# First Water Change = Dead Fish



## ddnguy (May 15, 2008)

Hi Everyone.

I've had my 180 gl going for about 3-4 weeks.

I decided to do a water change today do to the Test Kit I bought saying that the Nitrite level was to high.

I did a 40% water change.

When I went to fill the tank back up... almost instantly my African Cichlids were laying on the floor of the tank - which looked like gasping for air. I have 3 gold fish in the tank also - they are left over from the 40 I had bought to get the tank going.

I am sick to my stomach - as all 20 of my Cichlids died except for 2.

Can anyone tell me what i did wrong?

The goldfish are fine but the Cichlids hit the bottom of the tank laying on their sides gasping for air...????

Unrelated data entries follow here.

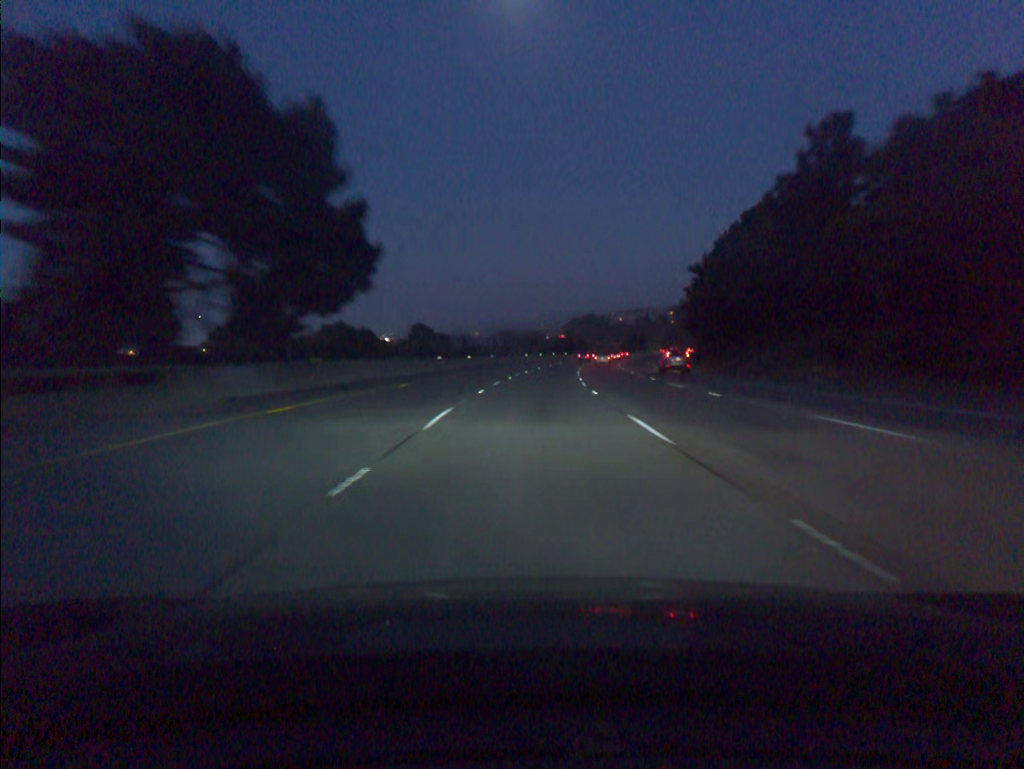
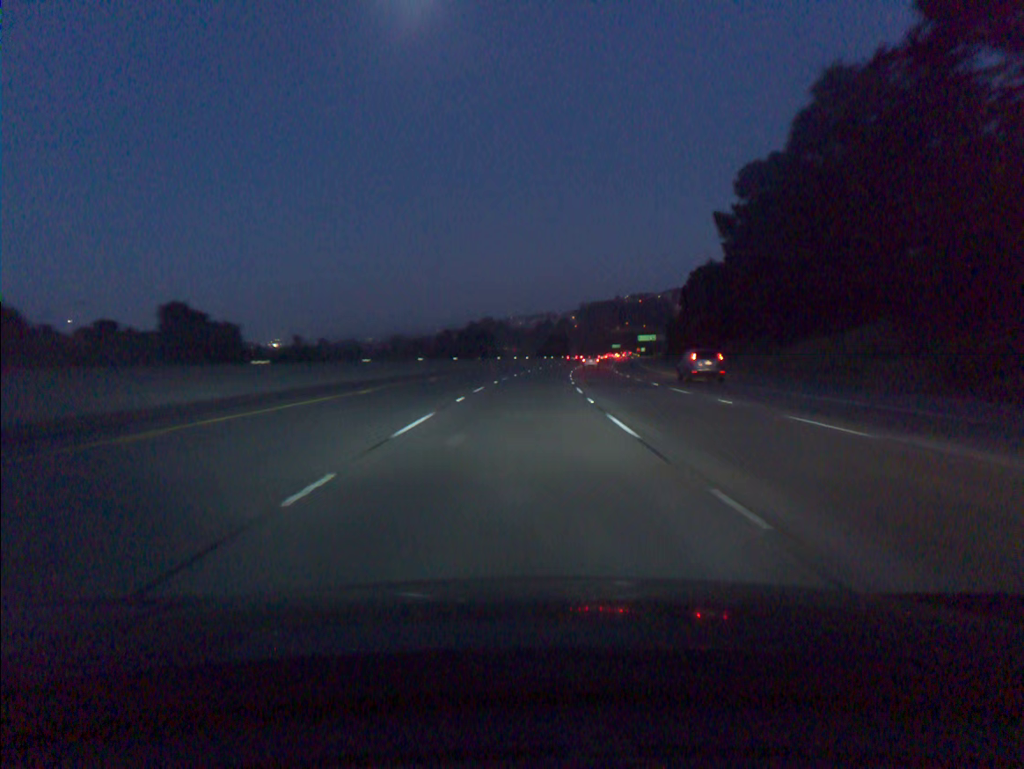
(+6.4, +91.9) m; +7°
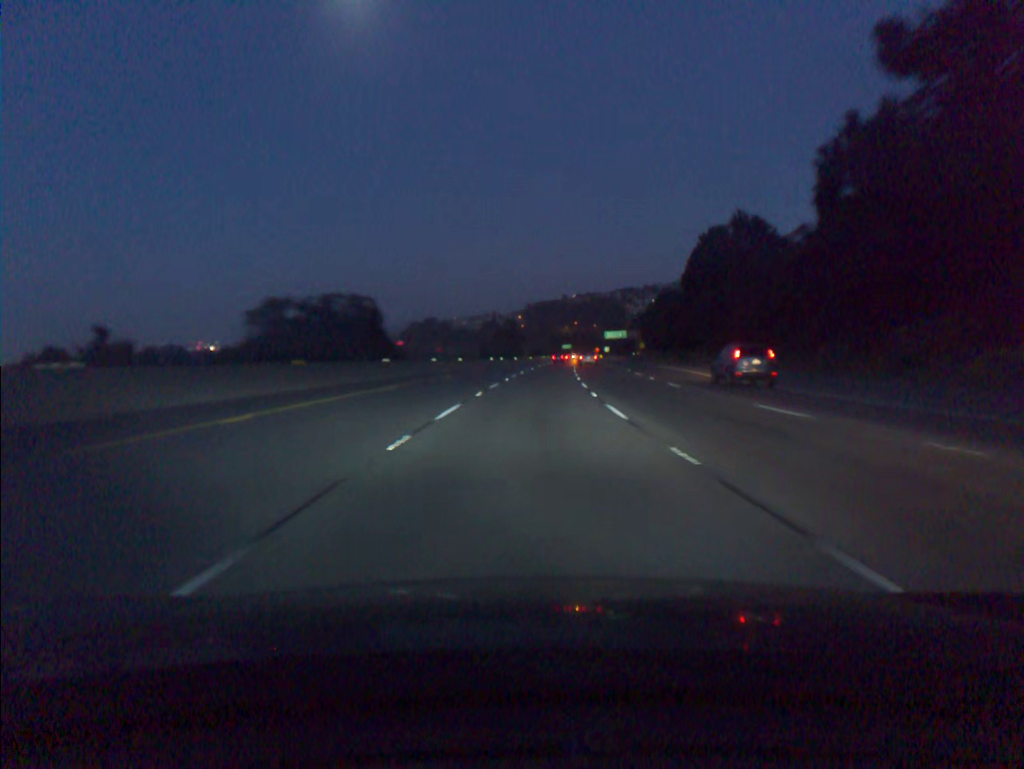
(+1.8, +55.5) m; +4°
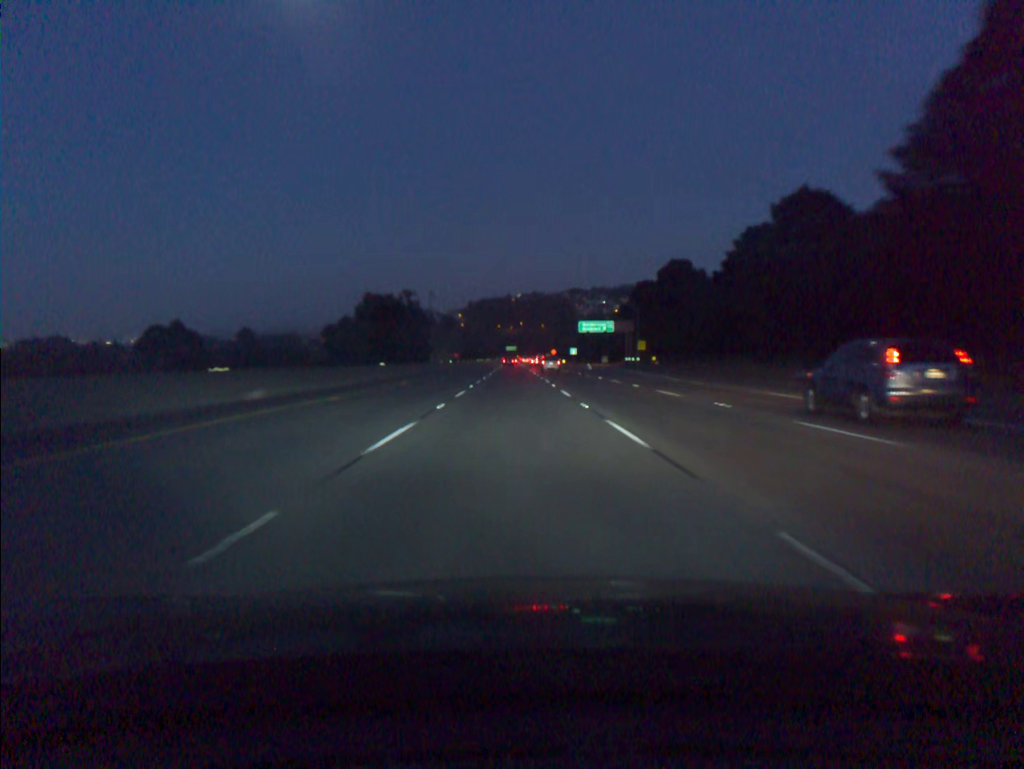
(+4.7, +92.3) m; +4°
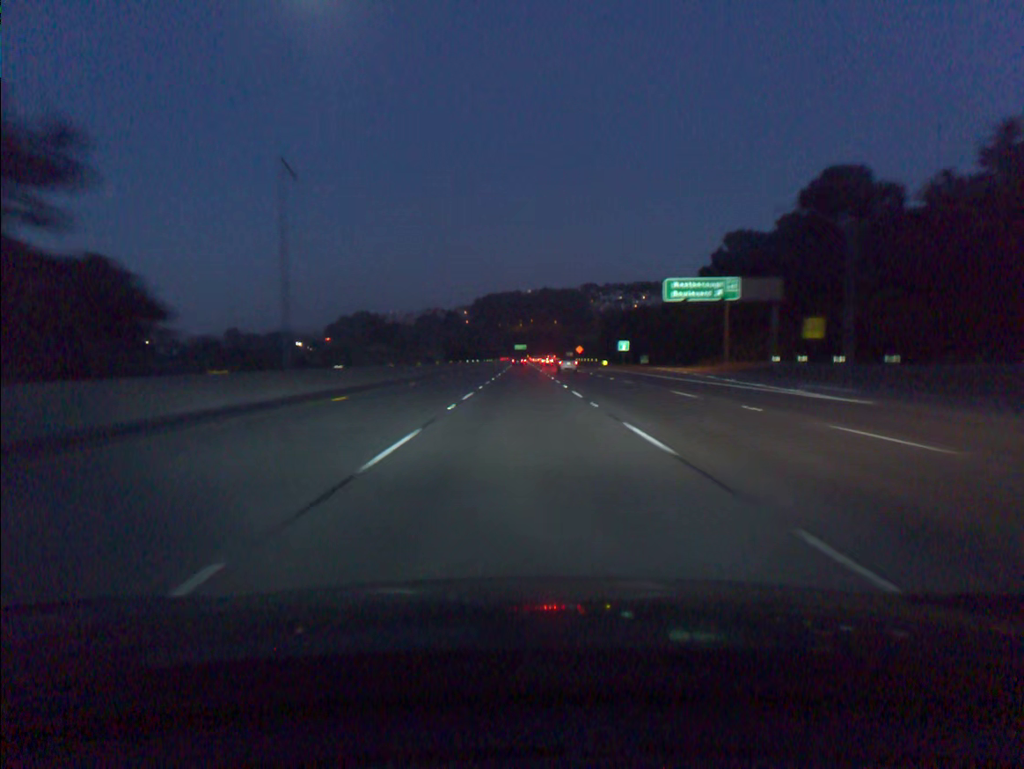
(-0.6, +74.0) m; -1°
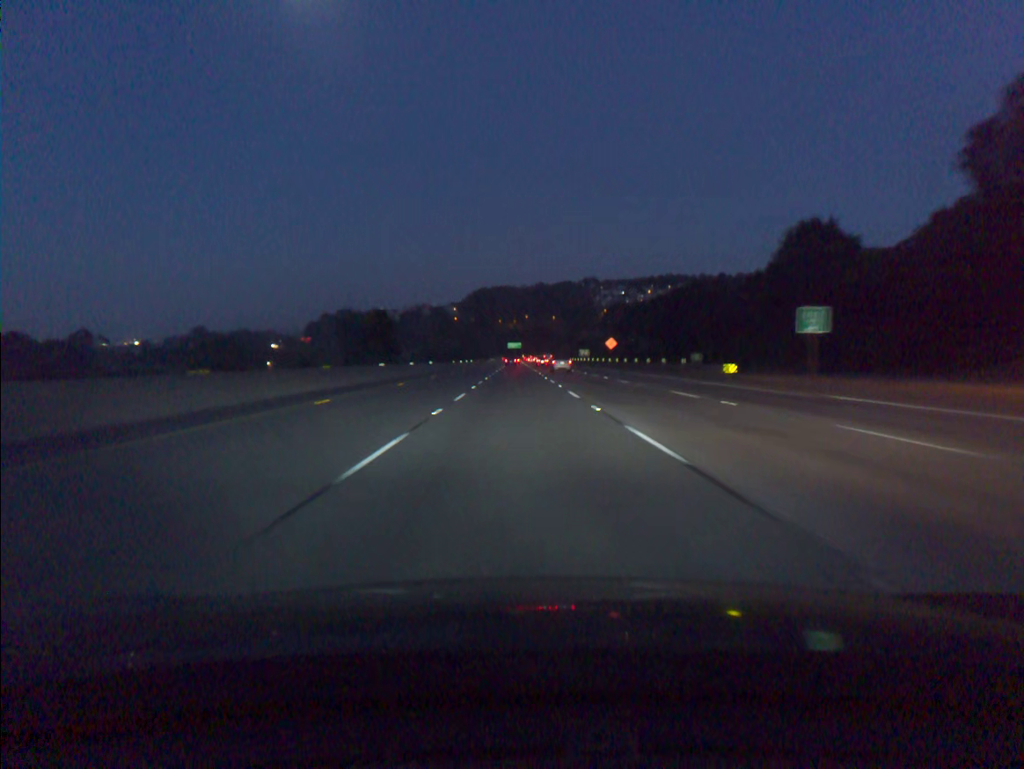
(+0.4, +74.1) m; 0°
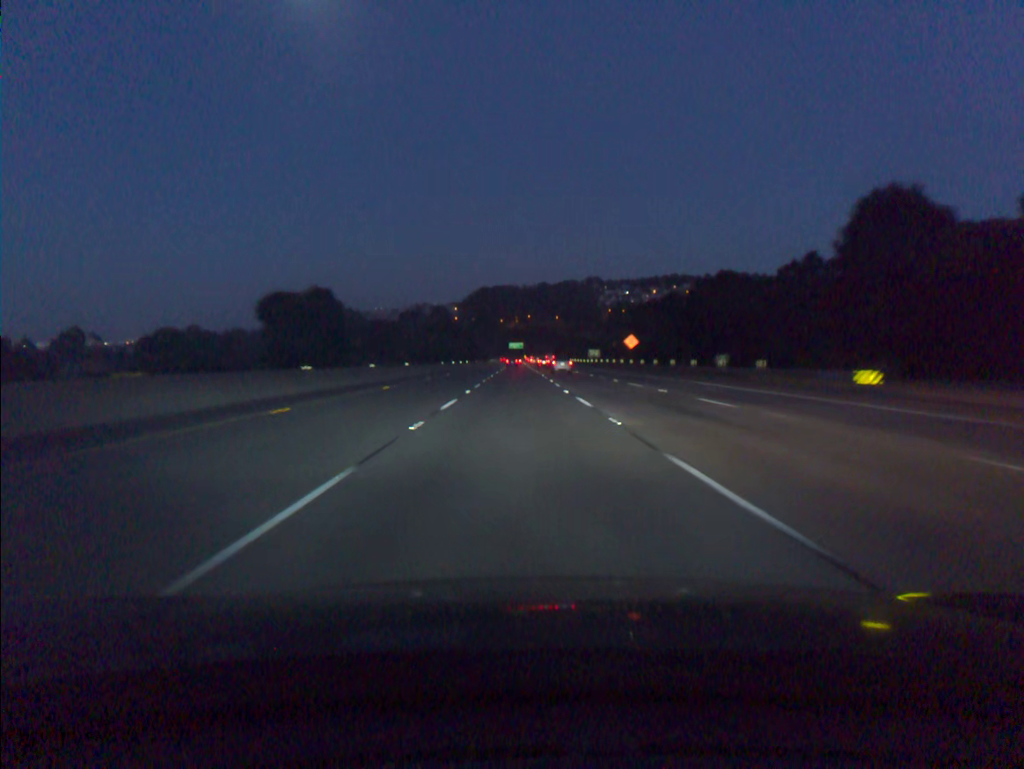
(0.0, +18.5) m; 0°

What the heck did I do wrong????

Any info would be greatly appreciated.

thanks.


----------



## gunnerx (Apr 14, 2008)

Did you have all those fishes in there from the start? You say you've only had the 180g going for 3-4 weeks, that was from the time you set it up? That's not enough time to cycle a tank properly. Plus, cichlids and goldfish should never be mixed. They were probably suffering from the nitrite spike and ammonia so they would have been dead no matter what.


----------



## Windsor (Mar 17, 2008)

Perhaps we can chip in and ask a few more questions first...

What are the conditions of your tap water? pH?

Did you add dechorinator?

Did you rinse the filter media with tap water or replace it entirely?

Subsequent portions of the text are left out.